▶ [EXERCISE PROMPT]
Collect the lines of the entries where "code" shows up.

(Stored data)
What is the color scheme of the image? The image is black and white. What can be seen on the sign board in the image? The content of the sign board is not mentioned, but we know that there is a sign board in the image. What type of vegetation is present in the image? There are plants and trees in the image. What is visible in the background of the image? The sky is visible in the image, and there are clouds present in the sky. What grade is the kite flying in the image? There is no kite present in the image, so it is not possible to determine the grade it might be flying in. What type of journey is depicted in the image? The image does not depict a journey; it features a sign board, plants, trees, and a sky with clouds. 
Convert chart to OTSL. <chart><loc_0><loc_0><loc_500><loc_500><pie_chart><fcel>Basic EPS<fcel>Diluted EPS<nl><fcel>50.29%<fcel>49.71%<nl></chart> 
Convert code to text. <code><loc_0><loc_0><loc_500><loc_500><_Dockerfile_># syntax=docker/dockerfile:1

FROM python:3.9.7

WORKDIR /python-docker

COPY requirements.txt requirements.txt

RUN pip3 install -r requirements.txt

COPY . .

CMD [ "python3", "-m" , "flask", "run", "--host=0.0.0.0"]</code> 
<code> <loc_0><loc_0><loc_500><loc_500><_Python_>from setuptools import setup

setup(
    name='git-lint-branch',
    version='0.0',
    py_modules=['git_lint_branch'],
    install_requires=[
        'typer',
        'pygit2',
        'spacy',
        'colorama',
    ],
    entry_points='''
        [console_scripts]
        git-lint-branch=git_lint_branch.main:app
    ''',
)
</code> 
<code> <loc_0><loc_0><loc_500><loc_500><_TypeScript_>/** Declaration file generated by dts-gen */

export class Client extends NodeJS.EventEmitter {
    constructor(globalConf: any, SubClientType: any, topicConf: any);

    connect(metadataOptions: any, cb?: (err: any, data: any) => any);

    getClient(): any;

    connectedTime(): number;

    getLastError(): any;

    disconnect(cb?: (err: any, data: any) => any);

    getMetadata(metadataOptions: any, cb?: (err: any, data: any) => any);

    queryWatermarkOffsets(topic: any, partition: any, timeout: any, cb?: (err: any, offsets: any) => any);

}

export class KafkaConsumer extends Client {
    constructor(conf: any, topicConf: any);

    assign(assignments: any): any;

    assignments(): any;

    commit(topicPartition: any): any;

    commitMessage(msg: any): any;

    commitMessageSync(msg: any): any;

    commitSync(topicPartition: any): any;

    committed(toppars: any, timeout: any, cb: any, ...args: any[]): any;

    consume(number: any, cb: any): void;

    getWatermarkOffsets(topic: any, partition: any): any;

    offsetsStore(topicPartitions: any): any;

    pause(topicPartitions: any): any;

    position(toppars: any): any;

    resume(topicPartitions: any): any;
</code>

▶ [TASK RESPONSE]
Convert code to text. <code><loc_0><loc_0><loc_500><loc_500><_Dockerfile_># syntax=docker/dockerfile:1
CMD [ "python3", "-m" , "flask", "run", "--host=0.0.0.0"]</code> 
<code> <loc_0><loc_0><loc_500><loc_500><_Python_>from setuptools import setup
</code> 
<code> <loc_0><loc_0><loc_500><loc_500><_TypeScript_>/** Declaration file generated by dts-gen */
</code>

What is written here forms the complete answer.